About trust fund taxes
Trust fund taxes are the income tax, Social Security tax, and Medicare tax (trust fund taxes) withheld from the employee's wages. They are called trust fund taxes because the employer holds these funds “in trust” for the government until it submits them in a federal tax deposit. Certain excise taxes are also considered trust fund taxes because they are collected and held in trust for the government until submitted in a federal tax deposit. For more information, see Publication 510, Excise Taxes. To encourage prompt payment of withheld employment taxes and collected excise taxes, Congress has passed a law that provides for the Trust Fund Recovery Penalty. For more information on employment taxes or trust fund taxes, see Publication 15, Circular E, Employer's Tax Guide.

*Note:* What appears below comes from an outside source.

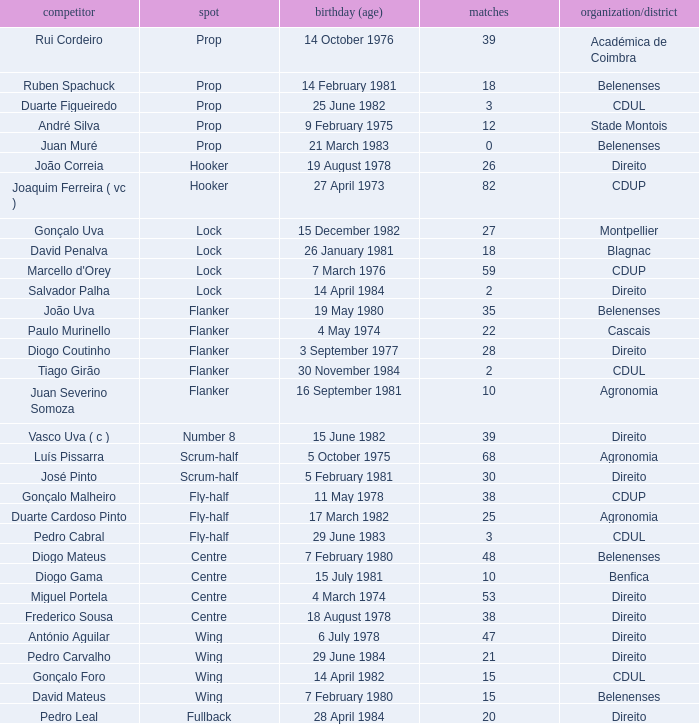Which Club/province has a Player of david penalva? Blagnac.

Trust Fund Recovery Penalty
The Trust Fund Recovery Penalty is a penalty that is assessed personally against the individual or individuals who were responsible for paying the trust fund taxes, but who willfully did not do so. The amount of the penalty is equal to the amount of the unpaid trust fund taxes. For additional information, see Notice 784, Could You be Personally Liable for Certain Unpaid Federal Taxes? or visit www.irs.gov/TFRP. If the Trust Fund Recovery Penalty is proposed against you, you'll receive a Letter 1153 and Form 2751, Proposed Assessment of Trust Fund Recovery Penalty. If you agree with the penalty, sign and return Form 2751 within 60 days from the date of the letter. To avoid the assessment of the Trust Fund Recovery Penalty, you may also pay the trust fund taxes personally. If you disagree with the penalty, you have 10 days from the date of the letter to let us know that you don't agree with the proposed assessment, have additional information to support your case, or want to try to resolve the matter informally. If you can't resolve the disagreement with us, you have 60 days from the date of the Letter 1153 to appeal with the Office of Appeals. For more information, see Publication 5, Your Appeal Rights and How to Prepare a Protest if You Don't Agree. If you don't respond to the letter, the IRS will assess the penalty amount against you personally and begin the collection process to collect it. The IRS may assess this penalty against a responsible person regardless of whether the company is still in business.